**THE TASK**
Every single entry below should be reproduced verbatim.

**DATASET RECORDS**
* * * * * * *
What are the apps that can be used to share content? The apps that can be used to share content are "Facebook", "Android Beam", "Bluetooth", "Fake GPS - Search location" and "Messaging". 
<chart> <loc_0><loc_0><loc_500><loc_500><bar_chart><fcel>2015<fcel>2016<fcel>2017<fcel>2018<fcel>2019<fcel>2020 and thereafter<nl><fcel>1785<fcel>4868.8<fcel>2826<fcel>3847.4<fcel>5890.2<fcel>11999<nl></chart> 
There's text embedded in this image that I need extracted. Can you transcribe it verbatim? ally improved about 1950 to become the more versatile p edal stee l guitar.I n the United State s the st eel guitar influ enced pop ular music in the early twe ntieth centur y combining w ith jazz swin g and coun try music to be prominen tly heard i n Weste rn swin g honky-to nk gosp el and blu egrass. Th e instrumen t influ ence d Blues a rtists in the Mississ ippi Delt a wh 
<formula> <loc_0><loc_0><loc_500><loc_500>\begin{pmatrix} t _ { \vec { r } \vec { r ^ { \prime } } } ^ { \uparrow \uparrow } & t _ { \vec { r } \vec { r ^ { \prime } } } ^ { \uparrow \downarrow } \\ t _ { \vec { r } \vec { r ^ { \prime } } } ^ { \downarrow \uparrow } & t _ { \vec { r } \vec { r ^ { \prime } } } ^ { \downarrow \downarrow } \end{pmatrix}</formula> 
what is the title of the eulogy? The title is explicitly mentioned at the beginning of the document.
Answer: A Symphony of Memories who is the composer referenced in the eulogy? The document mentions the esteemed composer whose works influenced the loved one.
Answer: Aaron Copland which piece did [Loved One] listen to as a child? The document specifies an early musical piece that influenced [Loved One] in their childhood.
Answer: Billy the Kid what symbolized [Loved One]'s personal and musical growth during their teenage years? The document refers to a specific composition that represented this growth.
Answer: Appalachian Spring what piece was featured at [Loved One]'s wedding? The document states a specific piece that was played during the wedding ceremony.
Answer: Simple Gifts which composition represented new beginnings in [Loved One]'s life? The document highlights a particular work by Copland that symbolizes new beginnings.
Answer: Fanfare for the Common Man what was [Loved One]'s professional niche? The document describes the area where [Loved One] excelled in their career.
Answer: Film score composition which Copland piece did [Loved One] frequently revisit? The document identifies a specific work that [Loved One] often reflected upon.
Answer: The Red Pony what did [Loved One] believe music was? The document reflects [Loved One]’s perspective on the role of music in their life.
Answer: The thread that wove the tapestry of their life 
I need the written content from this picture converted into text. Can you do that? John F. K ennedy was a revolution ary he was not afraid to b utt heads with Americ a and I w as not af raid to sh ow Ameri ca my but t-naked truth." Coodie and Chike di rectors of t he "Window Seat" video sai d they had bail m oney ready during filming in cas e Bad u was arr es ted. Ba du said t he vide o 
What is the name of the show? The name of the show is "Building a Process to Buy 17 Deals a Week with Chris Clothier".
* * * * * * *
**FINISHED TASK**
What are the apps that can be used to share content? The apps that can be used to share content are "Facebook", "Android Beam", "Bluetooth", "Fake GPS - Search location" and "Messaging". 
<chart> <loc_0><loc_0><loc_500><loc_500><bar_chart><fcel>2015<fcel>2016<fcel>2017<fcel>2018<fcel>2019<fcel>2020 and thereafter<nl><fcel>1785<fcel>4868.8<fcel>2826<fcel>3847.4<fcel>5890.2<fcel>11999<nl></chart> 
There's text embedded in this image that I need extracted. Can you transcribe it verbatim? ally improved about 1950 to become the more versatile p edal stee l guitar.I n the United State s the st eel guitar influ enced pop ular music in the early twe ntieth centur y combining w ith jazz swin g and coun try music to be prominen tly heard i n Weste rn swin g honky-to nk gosp el and blu egrass. Th e instrumen t influ ence d Blues a rtists in the Mississ ippi Delt a wh 
<formula> <loc_0><loc_0><loc_500><loc_500>\begin{pmatrix} t _ { \vec { r } \vec { r ^ { \prime } } } ^ { \uparrow \uparrow } & t _ { \vec { r } \vec { r ^ { \prime } } } ^ { \uparrow \downarrow } \\ t _ { \vec { r } \vec { r ^ { \prime } } } ^ { \downarrow \uparrow } & t _ { \vec { r } \vec { r ^ { \prime } } } ^ { \downarrow \downarrow } \end{pmatrix}</formula> 
what is the title of the eulogy? The title is explicitly mentioned at the beginning of the document.
Answer: A Symphony of Memories who is the composer referenced in the eulogy? The document mentions the esteemed composer whose works influenced the loved one.
Answer: Aaron Copland which piece did [Loved One] listen to as a child? The document specifies an early musical piece that influenced [Loved One] in their childhood.
Answer: Billy the Kid what symbolized [Loved One]'s personal and musical growth during their teenage years? The document refers to a specific composition that represented this growth.
Answer: Appalachian Spring what piece was featured at [Loved One]'s wedding? The document states a specific piece that was played during the wedding ceremony.
Answer: Simple Gifts which composition represented new beginnings in [Loved One]'s life? The document highlights a particular work by Copland that symbolizes new beginnings.
Answer: Fanfare for the Common Man what was [Loved One]'s professional niche? The document describes the area where [Loved One] excelled in their career.
Answer: Film score composition which Copland piece did [Loved One] frequently revisit? The document identifies a specific work that [Loved One] often reflected upon.
Answer: The Red Pony what did [Loved One] believe music was? The document reflects [Loved One]’s perspective on the role of music in their life.
Answer: The thread that wove the tapestry of their life 
I need the written content from this picture converted into text. Can you do that? John F. K ennedy was a revolution ary he was not afraid to b utt heads with Americ a and I w as not af raid to sh ow Ameri ca my but t-naked truth." Coodie and Chike di rectors of t he "Window Seat" video sai d they had bail m oney ready during filming in cas e Bad u was arr es ted. Ba du said t he vide o 
What is the name of the show? The name of the show is "Building a Process to Buy 17 Deals a Week with Chris Clothier".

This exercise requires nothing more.